Sell it to your partners. When there are multiple owners, a buy-sell agreement is needed to ensure that surviving shareholders have the first right to purchase shares of any owner who leaves.
The agreement keeps shares from unqualified heirs, disgruntled spouses and competitors. It also details how to value and purchase the interest of the person leaving, which is crucial to the success of the agreement.
Typically, the company purchases life insurance, disability insurance or both on all owners, using benefits or cash value from the insurance to purchase the shares of the former owner.
Two different structures are commonly used - the stock-redemption plan and the cross-purchase plan.
With a stock-redemption plan, the corporation is the owner and beneficiary of the insurance, and holds the cash value to fund the buyout. When a shareholder dies or leaves the company, the corporation purchases the stock and surviving shareholders are the only remaining owners.
The stock-redemption plan is simpler, but the cross-purchase plan has tax advantages. Using a cross-purchase plan, each shareholder owns an insurance policy on the life of every other shareholder. Upon death, a shareholder’s stock receives a "step up" in basis to its fair value. The surviving shareholders purchase the stock with its stepped-up basis, minimizing capital-gains taxes when the company is sold. It also avoids the alternative minimum tax. When a stock-redemption plan is used, there may be no step up in basis for the surviving owners.

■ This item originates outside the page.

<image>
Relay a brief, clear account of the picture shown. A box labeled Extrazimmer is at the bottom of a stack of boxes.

Most businesses fail to review their loan documents to ensure that repayment is not accelerated upon the death of an owner or the transfer of stock. When overlooked, minor details can cause major problems.

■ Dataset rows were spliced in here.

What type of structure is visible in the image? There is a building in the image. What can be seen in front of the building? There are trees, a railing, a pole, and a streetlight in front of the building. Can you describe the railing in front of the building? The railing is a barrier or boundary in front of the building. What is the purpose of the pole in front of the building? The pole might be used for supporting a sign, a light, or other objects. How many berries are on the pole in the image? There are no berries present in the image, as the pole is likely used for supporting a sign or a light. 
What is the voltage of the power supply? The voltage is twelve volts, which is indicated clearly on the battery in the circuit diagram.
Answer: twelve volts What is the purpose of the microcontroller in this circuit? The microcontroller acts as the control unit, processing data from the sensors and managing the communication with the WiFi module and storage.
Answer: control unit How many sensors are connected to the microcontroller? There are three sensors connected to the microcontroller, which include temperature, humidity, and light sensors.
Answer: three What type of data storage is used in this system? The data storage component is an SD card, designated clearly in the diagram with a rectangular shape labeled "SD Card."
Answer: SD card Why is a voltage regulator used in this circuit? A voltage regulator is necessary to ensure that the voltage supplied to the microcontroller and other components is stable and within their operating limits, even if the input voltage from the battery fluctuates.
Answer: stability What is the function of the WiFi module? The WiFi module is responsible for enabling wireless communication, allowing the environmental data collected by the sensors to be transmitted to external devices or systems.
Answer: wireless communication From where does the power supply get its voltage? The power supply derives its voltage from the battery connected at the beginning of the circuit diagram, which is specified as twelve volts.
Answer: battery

Sell it to your employees. An Employee Stock Ownership Plan (ESOP), which grants shares to employees based on length of service and other factors, is ideal for a business with no family heir and no strong market for selling the business. An ESOP can create a market for the owner’s shares, provide tax advantages, and motivate and reward employees.
Sell it to outsiders. While many are reluctant to sell to non-family members, doing so can provide the owner with financial security and plenty of wealth to pass on.
Many business owners find it difficult to transfer ownership to the next generation without incurring a tax bill so large the business has to be sold to pay it.
Barring Congressional action, the top federal estate tax rate will increase from 45 percent next year to 55 percent in 2011. The amount of assets exempt from estate taxes is scheduled to increase from $2 million today to $3.5 million in 2009 before dropping to $1 million in 2011. In addition, individuals can make gifts valued at up to $1 million during their lifetime without incurring gift taxes. Gifts valued above that amount are taxed at a rate of up to 46 percent.
Regardless of rates and exemptions, it is beneficial to transfer as much wealth as possible to heirs while the owner is living.
Many strategies are available to transfer a non-controlling interest to the owner’s family, or in trust for the family’s benefit, while minimizing gift taxes. A business owner should also consider opportunity shifting when starting a new business or an offshoot of a current business. By initially putting some of the ownership interest in trust for family members, the future value of the business will not create a significant estate tax burden.